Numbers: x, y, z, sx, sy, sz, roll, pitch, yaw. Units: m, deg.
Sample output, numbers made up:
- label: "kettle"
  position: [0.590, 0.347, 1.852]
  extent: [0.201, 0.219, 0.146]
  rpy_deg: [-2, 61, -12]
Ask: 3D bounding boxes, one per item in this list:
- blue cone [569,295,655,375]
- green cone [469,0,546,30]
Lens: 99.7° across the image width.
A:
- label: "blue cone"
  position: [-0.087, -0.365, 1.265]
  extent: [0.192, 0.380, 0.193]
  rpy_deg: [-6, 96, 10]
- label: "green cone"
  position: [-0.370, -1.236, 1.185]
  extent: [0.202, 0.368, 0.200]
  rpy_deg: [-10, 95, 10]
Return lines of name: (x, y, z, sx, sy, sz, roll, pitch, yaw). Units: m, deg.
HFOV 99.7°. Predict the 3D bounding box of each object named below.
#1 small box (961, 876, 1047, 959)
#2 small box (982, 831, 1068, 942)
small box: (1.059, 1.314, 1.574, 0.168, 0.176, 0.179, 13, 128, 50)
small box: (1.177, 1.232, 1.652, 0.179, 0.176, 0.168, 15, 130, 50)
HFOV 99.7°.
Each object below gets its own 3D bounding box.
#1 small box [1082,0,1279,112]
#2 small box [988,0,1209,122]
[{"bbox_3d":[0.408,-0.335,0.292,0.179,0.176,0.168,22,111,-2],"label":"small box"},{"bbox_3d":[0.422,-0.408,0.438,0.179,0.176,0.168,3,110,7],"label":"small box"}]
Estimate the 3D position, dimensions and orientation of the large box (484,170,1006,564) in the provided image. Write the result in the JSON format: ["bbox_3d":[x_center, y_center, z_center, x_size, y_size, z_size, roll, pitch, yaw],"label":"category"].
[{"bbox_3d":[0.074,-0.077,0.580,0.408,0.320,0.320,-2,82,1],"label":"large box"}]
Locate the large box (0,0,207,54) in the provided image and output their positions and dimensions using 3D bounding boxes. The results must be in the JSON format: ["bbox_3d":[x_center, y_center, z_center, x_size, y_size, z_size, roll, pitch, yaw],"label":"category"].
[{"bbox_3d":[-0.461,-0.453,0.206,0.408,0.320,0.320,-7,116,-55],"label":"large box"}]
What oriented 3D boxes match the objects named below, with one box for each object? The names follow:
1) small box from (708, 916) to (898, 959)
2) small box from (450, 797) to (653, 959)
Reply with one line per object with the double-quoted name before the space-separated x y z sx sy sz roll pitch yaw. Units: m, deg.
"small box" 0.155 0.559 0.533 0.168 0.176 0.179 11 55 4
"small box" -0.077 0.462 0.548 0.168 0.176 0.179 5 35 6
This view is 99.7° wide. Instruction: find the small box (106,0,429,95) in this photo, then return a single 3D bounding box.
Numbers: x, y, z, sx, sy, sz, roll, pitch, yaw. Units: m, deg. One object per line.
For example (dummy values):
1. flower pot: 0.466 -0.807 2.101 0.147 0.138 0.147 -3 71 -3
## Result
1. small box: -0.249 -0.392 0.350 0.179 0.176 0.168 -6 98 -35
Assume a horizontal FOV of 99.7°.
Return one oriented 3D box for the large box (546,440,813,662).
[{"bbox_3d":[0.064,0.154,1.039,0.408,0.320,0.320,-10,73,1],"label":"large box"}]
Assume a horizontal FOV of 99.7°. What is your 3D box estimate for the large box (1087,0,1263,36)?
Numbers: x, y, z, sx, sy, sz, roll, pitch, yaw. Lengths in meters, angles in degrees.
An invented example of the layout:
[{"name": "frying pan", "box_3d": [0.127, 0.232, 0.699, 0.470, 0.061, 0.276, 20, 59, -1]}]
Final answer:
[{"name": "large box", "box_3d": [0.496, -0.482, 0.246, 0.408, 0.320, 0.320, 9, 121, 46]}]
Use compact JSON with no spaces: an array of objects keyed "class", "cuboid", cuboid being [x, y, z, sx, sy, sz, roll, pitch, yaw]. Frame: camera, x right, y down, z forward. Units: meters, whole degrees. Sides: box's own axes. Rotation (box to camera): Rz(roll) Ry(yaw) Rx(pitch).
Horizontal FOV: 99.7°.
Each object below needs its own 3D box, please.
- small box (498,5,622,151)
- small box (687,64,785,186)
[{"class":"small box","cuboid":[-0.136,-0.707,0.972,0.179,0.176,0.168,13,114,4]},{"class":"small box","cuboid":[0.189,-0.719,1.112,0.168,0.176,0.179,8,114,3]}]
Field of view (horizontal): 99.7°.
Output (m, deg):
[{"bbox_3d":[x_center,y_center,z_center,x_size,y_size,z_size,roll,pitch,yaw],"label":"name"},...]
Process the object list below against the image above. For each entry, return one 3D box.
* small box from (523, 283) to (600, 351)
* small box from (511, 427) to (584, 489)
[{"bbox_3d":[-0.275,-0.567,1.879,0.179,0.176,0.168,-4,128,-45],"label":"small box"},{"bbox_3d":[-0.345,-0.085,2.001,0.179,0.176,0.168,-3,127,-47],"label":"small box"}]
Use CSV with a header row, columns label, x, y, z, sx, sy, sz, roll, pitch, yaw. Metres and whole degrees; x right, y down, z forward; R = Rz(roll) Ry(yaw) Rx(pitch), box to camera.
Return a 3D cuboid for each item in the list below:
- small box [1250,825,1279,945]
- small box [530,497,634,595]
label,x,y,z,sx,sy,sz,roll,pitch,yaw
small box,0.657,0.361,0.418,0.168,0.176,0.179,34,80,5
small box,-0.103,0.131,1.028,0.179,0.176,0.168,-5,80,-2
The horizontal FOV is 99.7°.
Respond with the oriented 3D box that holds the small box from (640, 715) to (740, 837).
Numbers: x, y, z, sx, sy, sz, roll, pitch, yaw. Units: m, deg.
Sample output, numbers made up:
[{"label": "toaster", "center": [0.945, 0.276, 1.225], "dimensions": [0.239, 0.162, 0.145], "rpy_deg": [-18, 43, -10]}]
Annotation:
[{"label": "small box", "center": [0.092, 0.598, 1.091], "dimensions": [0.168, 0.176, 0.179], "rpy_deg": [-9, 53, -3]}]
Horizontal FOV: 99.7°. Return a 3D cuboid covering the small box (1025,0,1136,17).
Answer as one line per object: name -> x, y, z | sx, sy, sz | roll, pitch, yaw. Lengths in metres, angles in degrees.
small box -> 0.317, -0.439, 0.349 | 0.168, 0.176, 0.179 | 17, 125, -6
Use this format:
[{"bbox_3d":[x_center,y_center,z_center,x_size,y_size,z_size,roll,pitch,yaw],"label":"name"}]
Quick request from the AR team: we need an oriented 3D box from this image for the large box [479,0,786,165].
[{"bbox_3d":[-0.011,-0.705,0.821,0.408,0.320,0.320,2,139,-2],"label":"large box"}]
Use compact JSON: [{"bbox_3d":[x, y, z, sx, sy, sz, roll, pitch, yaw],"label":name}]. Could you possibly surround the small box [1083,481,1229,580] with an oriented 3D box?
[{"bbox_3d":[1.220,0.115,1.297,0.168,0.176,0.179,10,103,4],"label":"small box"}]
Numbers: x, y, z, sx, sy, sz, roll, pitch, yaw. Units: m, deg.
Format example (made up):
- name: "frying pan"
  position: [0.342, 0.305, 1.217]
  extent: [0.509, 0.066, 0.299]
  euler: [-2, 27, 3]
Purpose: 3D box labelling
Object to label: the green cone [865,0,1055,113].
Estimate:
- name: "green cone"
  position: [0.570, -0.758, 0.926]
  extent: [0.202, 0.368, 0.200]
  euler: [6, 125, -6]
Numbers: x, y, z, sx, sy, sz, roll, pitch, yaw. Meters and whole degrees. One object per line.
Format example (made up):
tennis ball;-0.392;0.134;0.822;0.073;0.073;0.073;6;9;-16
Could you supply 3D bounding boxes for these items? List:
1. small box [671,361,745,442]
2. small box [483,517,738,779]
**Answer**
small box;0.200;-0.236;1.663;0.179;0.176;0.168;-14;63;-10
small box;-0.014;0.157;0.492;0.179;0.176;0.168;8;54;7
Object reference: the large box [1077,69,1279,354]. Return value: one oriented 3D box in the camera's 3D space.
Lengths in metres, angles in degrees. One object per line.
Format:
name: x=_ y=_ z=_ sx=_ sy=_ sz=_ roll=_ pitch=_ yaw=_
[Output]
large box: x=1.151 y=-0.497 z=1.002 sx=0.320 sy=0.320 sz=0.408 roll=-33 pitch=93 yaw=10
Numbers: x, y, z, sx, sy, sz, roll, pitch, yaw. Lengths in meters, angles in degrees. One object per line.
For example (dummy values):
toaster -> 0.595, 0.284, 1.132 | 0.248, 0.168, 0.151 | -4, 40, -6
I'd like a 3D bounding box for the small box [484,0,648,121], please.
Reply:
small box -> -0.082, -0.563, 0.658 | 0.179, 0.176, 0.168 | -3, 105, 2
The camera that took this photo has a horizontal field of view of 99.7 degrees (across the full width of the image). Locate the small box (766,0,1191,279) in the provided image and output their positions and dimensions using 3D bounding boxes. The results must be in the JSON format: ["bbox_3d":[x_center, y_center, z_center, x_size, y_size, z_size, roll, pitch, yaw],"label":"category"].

WORK TO BE COMPLETED
Looking at the records above, in how many lines does the word "please" occur? Reply with the number alone.

TASK RESULT
2